Zhaboyedova N. Cerebroprotective activity of ademol in experimental intracranial hemorrhage

The dissertation is devoted to the solution of the actual problem of pharmacology, which is to increase the effectiveness of neuroprotection in hemorrhagic stroke on the basis of experimentally justified feasibility and possibility of using a new purpose NMDA receptor blocker ampoule 1.0% solution of 1-adamantylthyloxy-3-morpholino-2- propanol hydrochloride (ademol).
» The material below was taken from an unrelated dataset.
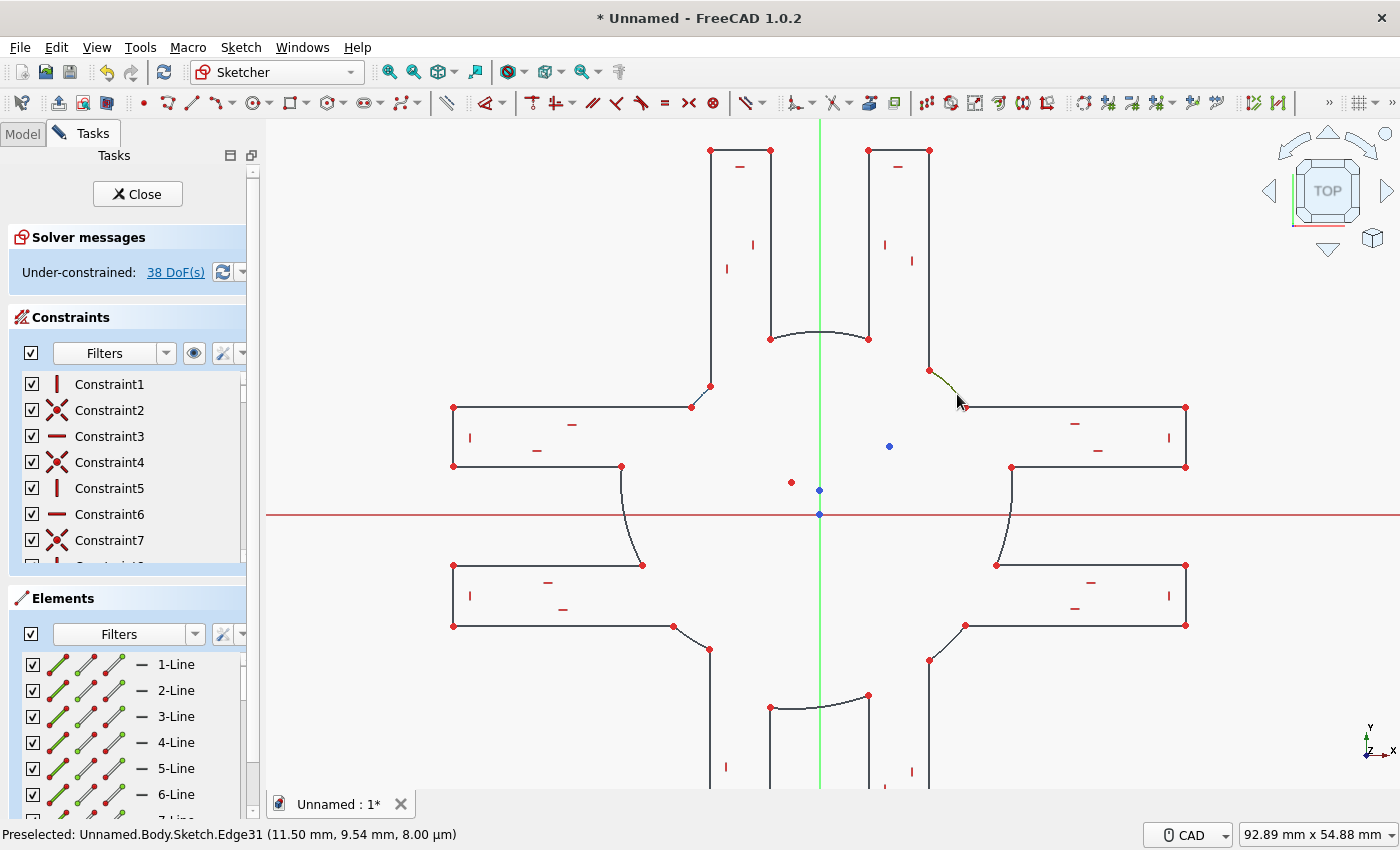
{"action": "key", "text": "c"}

Glutamate excitotoxicity, which is mediated by excessive overexcitation of NMDA receptors, deficiency intraneuronal energy supply, changes oxidant-antioxidant balance, acid-base regulation equilibrium, nitric oxide metabolism – all this is promising the way in which the primary pharmacological development should be carried out cerebrorotector program, in particular by expanding the readings to the application of already known and registered in the State pharmacological center of drugs with NMDA-modulating action for a new purpose. Such a drug can be as follows adamantane derivative as 1-adamantylthyloxy-3-morpholino-2-propanol hydrochloride – ademol, which is produced from finished chemical raw materials "in bulk" on the basis of production facilities of PJSC "Pharmaceutical company "Darnytsia" (Kyiv, Ukraine). In terms of these properties, ademol probably exceeded the effectiveness of amantadine and magnesium sulfate. Using the method of chemoinformatics, it was found that ademol has a high bioavailability, which provides the possibility of intravenous administration, it freely penetrates the blood-brain barrier, which is associated with satisfactory medicinal properties.